Task to complete:
Pictures in the records are to be omitted; everything else is copied exactly.

Input:
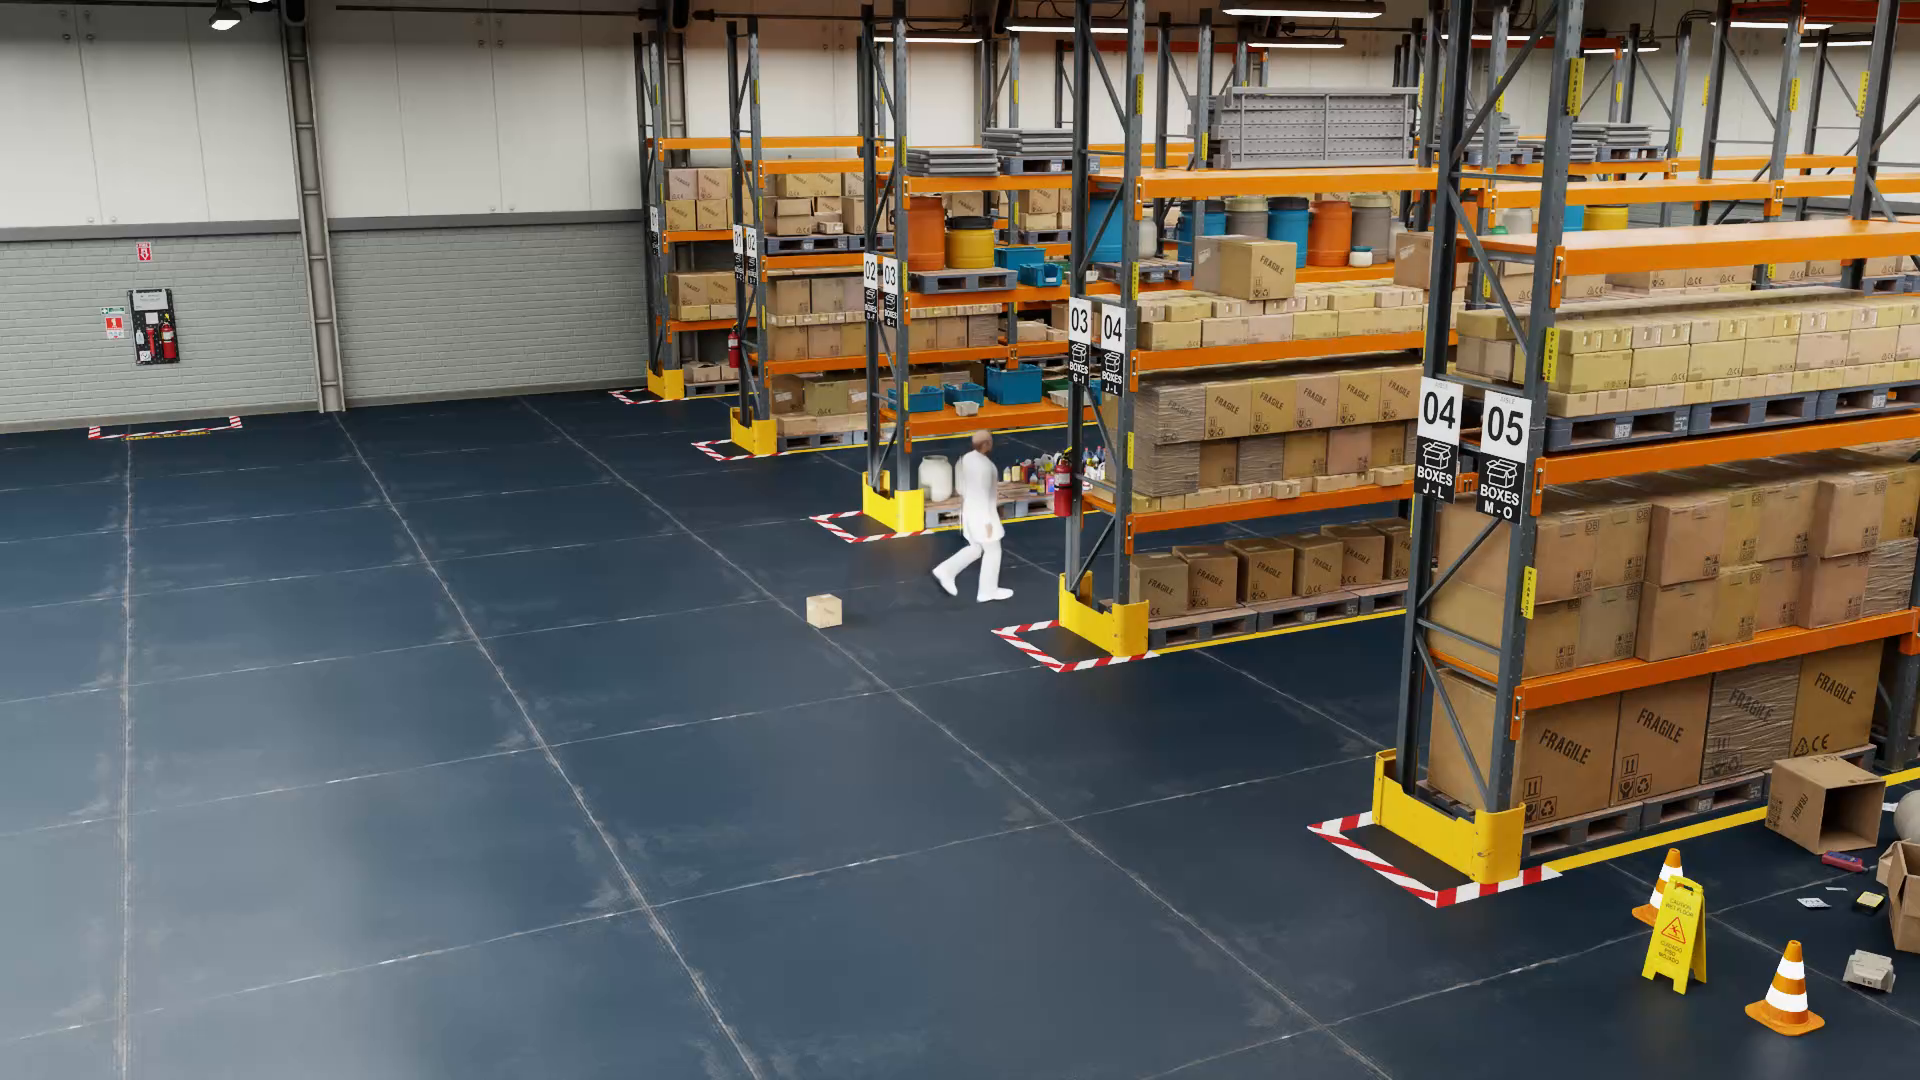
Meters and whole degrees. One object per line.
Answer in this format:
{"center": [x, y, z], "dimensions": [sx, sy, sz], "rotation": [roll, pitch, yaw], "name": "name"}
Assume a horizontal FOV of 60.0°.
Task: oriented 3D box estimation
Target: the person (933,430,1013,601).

Response to the exercise:
Meters and whole degrees. One object per line.
Answer in this format:
{"center": [x, y, z], "dimensions": [sx, sy, sz], "rotation": [roll, pitch, yaw], "name": "name"}
Assume a horizontal FOV of 60.0°.
Task: oriented 3D box estimation
Target: the person (933,430,1013,601).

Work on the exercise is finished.